-- WHAT THE EXERCISE ASKS --
The required output is the line containing "1. car (119, 196, 128, 203)" followed by each line through the end of the data below, repeated exactly and with nothing added.
■ ■ ■ ■ ■ ■ ■
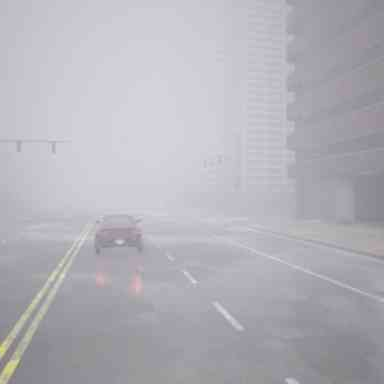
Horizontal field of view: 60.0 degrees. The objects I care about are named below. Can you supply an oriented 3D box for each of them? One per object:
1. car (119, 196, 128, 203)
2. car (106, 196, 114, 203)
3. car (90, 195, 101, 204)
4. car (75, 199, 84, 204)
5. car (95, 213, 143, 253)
[{"bbox_3d":[-17.645,2.152,86.676,2.128,1.511,4.902,0,0,-14],"label":"car"},{"bbox_3d":[-21.133,2.222,86.199,1.895,1.301,4.718,0,0,-14],"label":"car"},{"bbox_3d":[-22.676,1.808,77.933,2.150,2.045,5.566,0,0,-14],"label":"car"},{"bbox_3d":[-26.071,2.176,77.083,1.895,1.301,4.718,0,0,-14],"label":"car"},{"bbox_3d":[-3.146,1.635,14.264,1.812,1.442,4.674,0,0,-14],"label":"car"}]
■ ■ ■ ■ ■ ■ ■
-- RESPONSE --
1. car (119, 196, 128, 203)
2. car (106, 196, 114, 203)
3. car (90, 195, 101, 204)
4. car (75, 199, 84, 204)
5. car (95, 213, 143, 253)
[{"bbox_3d":[-17.645,2.152,86.676,2.128,1.511,4.902,0,0,-14],"label":"car"},{"bbox_3d":[-21.133,2.222,86.199,1.895,1.301,4.718,0,0,-14],"label":"car"},{"bbox_3d":[-22.676,1.808,77.933,2.150,2.045,5.566,0,0,-14],"label":"car"},{"bbox_3d":[-26.071,2.176,77.083,1.895,1.301,4.718,0,0,-14],"label":"car"},{"bbox_3d":[-3.146,1.635,14.264,1.812,1.442,4.674,0,0,-14],"label":"car"}]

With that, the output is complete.